[GIVEN RECORDS]
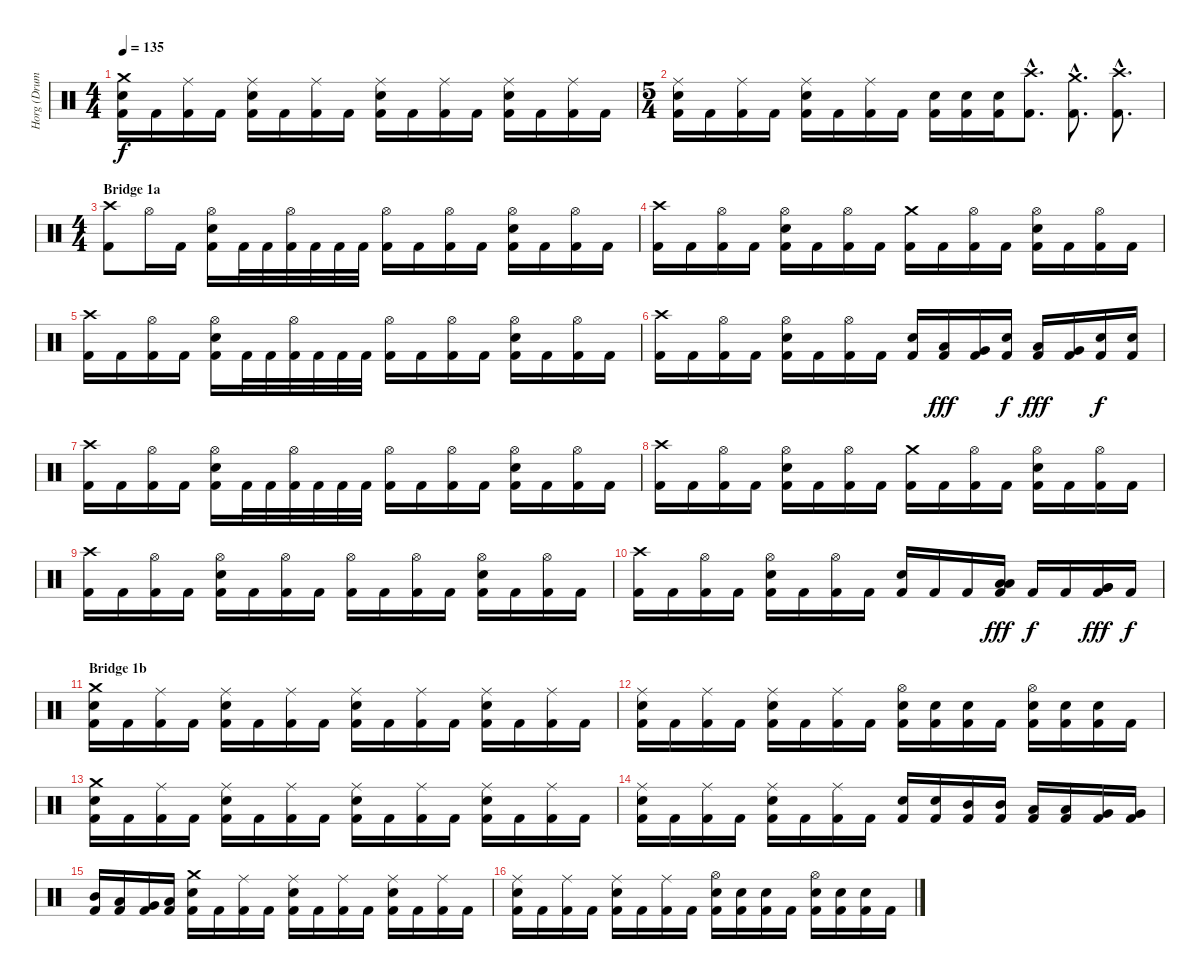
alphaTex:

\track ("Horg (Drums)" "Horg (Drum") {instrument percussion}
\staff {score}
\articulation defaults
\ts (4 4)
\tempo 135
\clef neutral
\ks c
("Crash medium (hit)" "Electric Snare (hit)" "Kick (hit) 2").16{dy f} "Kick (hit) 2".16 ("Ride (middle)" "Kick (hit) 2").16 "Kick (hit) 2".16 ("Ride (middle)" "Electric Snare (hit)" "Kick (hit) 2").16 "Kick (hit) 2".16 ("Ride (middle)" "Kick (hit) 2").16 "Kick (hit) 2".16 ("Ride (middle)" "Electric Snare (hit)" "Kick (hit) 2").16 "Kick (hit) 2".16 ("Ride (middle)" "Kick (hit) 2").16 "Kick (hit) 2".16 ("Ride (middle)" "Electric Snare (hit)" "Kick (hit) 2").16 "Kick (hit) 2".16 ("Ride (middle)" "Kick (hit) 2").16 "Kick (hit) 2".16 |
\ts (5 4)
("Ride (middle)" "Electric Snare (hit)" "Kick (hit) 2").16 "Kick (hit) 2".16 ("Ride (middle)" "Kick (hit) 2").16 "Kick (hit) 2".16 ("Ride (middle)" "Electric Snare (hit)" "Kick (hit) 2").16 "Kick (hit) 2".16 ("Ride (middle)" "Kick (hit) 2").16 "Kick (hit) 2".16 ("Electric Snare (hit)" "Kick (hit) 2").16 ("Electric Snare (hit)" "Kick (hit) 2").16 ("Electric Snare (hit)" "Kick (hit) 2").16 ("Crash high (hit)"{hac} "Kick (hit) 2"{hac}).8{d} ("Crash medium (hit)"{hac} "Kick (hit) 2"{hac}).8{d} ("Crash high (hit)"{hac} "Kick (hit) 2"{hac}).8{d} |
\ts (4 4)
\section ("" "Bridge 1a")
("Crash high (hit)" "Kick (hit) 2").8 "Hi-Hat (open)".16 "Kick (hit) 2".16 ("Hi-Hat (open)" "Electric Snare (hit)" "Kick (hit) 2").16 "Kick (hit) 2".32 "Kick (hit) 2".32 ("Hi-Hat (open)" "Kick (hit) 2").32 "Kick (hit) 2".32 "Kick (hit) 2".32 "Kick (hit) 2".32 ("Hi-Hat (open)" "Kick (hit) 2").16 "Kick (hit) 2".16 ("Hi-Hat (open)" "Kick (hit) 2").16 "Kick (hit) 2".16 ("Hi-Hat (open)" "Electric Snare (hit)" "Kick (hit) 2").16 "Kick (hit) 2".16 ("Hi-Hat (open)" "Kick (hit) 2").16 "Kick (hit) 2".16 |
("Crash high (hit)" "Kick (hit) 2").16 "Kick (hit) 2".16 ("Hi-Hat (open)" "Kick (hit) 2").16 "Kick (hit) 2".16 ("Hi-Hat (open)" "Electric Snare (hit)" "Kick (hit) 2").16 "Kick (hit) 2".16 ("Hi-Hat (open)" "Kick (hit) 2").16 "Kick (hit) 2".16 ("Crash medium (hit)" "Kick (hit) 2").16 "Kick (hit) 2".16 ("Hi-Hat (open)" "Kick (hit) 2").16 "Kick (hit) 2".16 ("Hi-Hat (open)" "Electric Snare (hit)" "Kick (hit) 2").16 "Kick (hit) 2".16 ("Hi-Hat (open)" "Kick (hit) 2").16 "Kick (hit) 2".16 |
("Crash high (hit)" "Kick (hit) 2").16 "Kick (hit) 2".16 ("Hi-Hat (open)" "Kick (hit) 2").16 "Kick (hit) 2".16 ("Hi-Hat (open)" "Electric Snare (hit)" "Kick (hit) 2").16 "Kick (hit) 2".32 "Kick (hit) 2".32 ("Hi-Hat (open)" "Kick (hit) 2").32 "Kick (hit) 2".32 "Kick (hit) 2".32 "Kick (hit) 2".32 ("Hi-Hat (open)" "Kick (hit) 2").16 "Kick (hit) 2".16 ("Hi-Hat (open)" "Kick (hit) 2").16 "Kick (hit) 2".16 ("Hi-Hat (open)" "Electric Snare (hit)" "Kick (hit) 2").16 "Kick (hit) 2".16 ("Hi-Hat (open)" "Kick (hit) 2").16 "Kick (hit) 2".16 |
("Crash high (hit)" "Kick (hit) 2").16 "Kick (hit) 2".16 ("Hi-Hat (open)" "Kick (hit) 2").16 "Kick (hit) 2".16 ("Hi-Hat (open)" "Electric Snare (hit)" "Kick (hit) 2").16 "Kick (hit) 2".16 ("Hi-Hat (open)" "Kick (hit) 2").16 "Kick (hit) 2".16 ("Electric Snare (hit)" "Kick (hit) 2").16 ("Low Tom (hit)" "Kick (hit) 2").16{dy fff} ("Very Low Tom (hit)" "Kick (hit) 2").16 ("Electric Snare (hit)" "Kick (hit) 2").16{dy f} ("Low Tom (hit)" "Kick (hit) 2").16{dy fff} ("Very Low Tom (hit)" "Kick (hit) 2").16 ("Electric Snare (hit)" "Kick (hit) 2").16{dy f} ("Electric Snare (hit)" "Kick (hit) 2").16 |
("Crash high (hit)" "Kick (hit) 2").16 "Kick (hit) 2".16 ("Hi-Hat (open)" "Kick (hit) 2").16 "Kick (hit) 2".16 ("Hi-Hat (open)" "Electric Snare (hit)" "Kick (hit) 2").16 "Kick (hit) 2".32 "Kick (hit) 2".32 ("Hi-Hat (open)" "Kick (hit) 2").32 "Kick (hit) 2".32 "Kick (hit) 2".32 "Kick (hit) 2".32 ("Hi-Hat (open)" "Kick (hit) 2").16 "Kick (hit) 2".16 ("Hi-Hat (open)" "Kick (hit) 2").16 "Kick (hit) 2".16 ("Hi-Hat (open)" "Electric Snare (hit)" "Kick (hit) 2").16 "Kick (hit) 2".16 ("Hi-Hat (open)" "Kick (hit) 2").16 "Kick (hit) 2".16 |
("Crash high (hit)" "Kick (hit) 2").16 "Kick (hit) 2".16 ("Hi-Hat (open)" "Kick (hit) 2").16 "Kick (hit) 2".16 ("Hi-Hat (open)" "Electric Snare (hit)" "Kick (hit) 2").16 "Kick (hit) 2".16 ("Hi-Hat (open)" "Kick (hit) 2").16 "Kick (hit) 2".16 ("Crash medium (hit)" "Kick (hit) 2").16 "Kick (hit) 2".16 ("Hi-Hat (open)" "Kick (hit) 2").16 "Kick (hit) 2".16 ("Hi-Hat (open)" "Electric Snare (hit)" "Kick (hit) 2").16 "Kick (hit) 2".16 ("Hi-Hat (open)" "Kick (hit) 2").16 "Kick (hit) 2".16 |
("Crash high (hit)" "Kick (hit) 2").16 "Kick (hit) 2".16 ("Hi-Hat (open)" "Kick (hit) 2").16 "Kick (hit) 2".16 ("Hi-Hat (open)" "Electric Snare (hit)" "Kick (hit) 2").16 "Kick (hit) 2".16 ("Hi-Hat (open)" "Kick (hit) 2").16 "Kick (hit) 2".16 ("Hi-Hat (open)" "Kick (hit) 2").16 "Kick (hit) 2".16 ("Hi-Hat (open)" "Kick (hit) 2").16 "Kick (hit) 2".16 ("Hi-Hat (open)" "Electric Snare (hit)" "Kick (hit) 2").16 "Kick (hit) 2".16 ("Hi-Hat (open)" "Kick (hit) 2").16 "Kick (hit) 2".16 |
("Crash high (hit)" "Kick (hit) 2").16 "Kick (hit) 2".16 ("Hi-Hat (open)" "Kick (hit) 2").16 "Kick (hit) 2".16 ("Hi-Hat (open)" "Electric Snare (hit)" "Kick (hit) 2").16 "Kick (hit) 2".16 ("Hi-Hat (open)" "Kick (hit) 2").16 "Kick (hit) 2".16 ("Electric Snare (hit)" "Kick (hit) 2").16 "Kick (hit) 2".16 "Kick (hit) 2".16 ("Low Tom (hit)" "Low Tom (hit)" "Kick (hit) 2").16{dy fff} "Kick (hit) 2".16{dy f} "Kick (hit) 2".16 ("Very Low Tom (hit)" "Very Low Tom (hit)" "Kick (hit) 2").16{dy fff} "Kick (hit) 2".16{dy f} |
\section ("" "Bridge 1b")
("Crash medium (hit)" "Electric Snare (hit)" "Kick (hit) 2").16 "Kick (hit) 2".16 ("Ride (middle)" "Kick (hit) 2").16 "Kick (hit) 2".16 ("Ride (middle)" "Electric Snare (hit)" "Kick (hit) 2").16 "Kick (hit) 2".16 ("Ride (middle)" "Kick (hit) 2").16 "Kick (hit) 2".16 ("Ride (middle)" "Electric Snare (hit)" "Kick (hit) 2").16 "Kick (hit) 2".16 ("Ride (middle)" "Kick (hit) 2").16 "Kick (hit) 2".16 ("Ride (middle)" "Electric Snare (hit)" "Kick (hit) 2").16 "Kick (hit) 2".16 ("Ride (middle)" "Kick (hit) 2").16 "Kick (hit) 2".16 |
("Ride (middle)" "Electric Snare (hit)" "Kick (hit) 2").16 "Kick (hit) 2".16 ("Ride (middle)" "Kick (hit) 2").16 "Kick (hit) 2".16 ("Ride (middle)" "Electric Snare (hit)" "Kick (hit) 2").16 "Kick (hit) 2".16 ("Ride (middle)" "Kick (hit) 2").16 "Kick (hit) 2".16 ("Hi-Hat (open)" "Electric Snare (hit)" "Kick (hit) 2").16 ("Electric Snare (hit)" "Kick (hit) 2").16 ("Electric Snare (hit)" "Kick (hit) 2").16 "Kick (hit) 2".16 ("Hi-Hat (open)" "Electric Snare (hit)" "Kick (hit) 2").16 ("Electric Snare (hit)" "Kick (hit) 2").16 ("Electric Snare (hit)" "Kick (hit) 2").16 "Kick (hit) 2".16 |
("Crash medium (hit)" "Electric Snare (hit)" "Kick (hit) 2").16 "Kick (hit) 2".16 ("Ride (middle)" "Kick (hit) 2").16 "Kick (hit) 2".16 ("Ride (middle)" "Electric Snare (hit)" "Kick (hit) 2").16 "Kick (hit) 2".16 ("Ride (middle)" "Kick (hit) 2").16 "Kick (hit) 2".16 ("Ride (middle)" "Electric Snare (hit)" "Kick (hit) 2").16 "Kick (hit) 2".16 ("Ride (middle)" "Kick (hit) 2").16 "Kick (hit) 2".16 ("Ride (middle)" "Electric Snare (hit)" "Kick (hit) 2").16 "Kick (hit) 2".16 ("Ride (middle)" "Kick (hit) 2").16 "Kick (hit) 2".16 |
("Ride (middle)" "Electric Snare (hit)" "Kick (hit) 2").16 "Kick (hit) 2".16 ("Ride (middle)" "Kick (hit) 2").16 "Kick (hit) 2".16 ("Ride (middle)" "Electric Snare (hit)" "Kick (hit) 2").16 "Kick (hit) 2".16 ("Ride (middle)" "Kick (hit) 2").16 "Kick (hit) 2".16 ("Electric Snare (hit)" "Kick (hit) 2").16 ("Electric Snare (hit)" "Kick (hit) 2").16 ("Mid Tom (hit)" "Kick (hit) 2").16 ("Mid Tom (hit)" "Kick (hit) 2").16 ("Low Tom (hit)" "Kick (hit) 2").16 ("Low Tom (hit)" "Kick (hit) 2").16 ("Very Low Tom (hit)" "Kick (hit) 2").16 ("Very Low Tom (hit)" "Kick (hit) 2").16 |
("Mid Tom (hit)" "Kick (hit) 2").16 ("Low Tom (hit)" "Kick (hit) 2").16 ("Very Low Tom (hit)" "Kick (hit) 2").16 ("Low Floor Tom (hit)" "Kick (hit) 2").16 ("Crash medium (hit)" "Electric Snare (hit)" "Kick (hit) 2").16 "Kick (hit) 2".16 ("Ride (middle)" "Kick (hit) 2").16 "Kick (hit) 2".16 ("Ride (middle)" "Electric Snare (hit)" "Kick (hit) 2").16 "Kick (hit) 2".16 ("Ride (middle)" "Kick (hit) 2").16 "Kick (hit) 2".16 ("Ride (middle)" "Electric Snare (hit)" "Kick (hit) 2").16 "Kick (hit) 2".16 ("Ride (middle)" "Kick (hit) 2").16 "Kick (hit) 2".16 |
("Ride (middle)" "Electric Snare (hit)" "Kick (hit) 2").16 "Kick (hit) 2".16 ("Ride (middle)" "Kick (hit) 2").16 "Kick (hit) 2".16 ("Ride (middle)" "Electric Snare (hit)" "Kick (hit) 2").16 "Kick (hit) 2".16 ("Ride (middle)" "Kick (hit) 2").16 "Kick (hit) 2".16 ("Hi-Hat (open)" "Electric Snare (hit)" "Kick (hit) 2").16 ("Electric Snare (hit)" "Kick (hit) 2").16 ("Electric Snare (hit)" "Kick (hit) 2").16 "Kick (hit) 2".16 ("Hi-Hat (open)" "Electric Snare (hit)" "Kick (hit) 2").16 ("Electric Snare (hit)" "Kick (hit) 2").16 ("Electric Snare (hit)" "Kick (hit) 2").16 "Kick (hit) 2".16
[/GIVEN RECORDS]
● TASK GOAL:
Each line carrying the string "Bridge" should be copied out from the entries.

● SOLUTION TO THIS EXERCISE:
\section ("" "Bridge 1a")
\section ("" "Bridge 1b")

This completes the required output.